Reati tributari e articolo 131-bis c.p.: la rilevanza dell’integrale o parziale adempimento del debito tributario anche attraverso un piano rateale (di Riccardo Radi)

La Cassazione sezione 4 con la sentenza numero 14073/2024 ha stabilito che in tema di reati tributari, tra le condotte susseguenti al reato suscettibili di valutazione ai fini dell’applicabilità della causa di non punibilità per la particolare tenuità del fatto ex art. 131-bis cod. pen., come novellato dal d.lgs. 10 ottobre 2022, n. 150, rientra l’integrale o parziale adempimento del debito tributario, anche attraverso un piano rateale concordato con il fisco o l’adesione a provvedimenti relativi alla “rottamazione” delle cartelle esattoriali.

La questione merita di essere segnalata perché la corte di merito ha affermato come, la causa di non punibilità della “particolare tenuità del fatto”, prevista dall’art. 131-bis cod. pen., è applicabile soltanto alla omissione per un ammontare vicinissimo alla soglia di punibilità, fissata a 250.000 euro dall’art. 10-ter dlgs. n. 74 del 2000, in considerazione del fatto che il grado di offensività che dà luogo a reato è già stato valutato dal legislatore nella determinazione della soglia di rilevanza penale (Sez. 3, n. 13218 del 20/11/2015, dep.01/04/2016, Rv.266570-01) e che, in tema di reati tributari caratterizzati dalla soglia di punibilità, già solo il superamento in misura significativa di detta soglia preclude la configurabilità della causa di esclusione della punibilità per particolare tenuità del fatto, laddove, invece, se tale superamento è di poco superiore, può procedersi a valutare i restanti parametri afferenti la condotta nella sua interezza (Sez. 3, n. 15020 del 22/01/2019, Rv. 275931 – 01; conf. Sez. 3, n. 12906 del 13/11/2018, dep. 2019, Rv. 276546 – 01; Sez. 3, n. 16599 del 3/06/2020, Rv. 278946).

Se ciò è vero, però, lo è anche che la stringata motivazione del provvedimento impugnato (che, al di là del riepilogo delle fasi pregresse) non ha tenuto conto di taluni elementi di cui fondatamente si duole il ricorrente.
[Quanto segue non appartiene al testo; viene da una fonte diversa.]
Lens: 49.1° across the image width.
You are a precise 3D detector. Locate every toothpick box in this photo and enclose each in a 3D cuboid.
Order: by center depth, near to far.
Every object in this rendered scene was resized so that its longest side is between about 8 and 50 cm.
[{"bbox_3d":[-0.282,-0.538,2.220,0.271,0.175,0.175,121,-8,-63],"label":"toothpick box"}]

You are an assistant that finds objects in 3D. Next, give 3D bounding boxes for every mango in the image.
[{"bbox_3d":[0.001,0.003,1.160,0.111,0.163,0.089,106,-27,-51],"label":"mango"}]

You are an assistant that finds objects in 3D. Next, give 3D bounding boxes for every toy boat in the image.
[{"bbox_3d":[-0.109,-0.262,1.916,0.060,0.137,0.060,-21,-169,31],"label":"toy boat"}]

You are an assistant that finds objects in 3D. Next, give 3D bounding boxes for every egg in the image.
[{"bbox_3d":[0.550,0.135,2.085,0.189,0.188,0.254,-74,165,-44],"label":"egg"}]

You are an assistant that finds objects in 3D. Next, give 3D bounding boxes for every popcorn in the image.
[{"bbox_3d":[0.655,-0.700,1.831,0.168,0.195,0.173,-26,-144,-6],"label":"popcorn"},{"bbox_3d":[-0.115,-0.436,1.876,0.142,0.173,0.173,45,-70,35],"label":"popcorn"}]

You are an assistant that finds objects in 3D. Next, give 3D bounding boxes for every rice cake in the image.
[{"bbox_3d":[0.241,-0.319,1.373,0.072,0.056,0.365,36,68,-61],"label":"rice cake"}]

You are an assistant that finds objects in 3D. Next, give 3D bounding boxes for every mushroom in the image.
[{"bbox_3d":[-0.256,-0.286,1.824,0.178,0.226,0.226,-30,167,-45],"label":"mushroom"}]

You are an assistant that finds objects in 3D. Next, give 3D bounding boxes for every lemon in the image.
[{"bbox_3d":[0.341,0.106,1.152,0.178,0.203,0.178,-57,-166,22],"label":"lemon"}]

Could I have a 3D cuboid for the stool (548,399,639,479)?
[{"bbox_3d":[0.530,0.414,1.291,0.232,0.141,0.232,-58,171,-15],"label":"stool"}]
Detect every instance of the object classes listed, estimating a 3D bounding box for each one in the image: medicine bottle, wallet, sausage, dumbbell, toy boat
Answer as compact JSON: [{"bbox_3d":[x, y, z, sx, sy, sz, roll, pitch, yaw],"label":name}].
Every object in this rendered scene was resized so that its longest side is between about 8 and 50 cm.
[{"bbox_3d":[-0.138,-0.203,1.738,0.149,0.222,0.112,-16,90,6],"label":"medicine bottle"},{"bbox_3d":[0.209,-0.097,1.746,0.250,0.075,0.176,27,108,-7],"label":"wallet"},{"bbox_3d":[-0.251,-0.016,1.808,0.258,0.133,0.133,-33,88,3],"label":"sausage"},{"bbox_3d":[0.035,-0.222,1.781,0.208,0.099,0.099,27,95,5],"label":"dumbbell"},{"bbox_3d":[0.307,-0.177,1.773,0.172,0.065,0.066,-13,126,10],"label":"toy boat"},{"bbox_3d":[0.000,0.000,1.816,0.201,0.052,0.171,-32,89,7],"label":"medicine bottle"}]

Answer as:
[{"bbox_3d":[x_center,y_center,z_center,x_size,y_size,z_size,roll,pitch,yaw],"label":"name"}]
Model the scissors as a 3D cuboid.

In primis, i giudici milanesi non si sono, in concreto, confrontati con il dato numerico (superamento della soglia in percentuale inferiore all’11,5% con riferimento all’anno 2014) e con la giurisprudenza di legittimità (ex multis, la sentenza n. 51020/2015), limitandosi ad esprimere una valutazione che fondatamente il ricorrente ritiene apodittica (gli importi dichiarati e non versati, secondo quanto si legge nel provvedimento impugnato, sarebbero “molto lontani” dalla soglia di rilevanza penale stabilita dal legislatore).

In secondo luogo, laddove in sentenza si legge che “è completamente assente una spiegazione precisa, dettagliata e coerente di come si siano raggiunte tali cifre; manca il quadro fiscale globale di riferimento“, la Corte territoriale mostra di non avere in alcun modo valutato la relazione tecnica a firma del prof. A.C., Ordinario di Contabilità e Bilancio, depositata al termine della sua deposizione nel corso dell’istruttoria svolta nel corso del promo grado di giudizio, cui sono allegati tutti i documenti che fotografano la situazione della società C. negli anni in contestazione’, e che fornisce una spiegazione su siano raggiunte” le “cifre” regolarmente indicate dal C. nelle dichiarazioni IVA relative agli esercizi 2014 e 2015.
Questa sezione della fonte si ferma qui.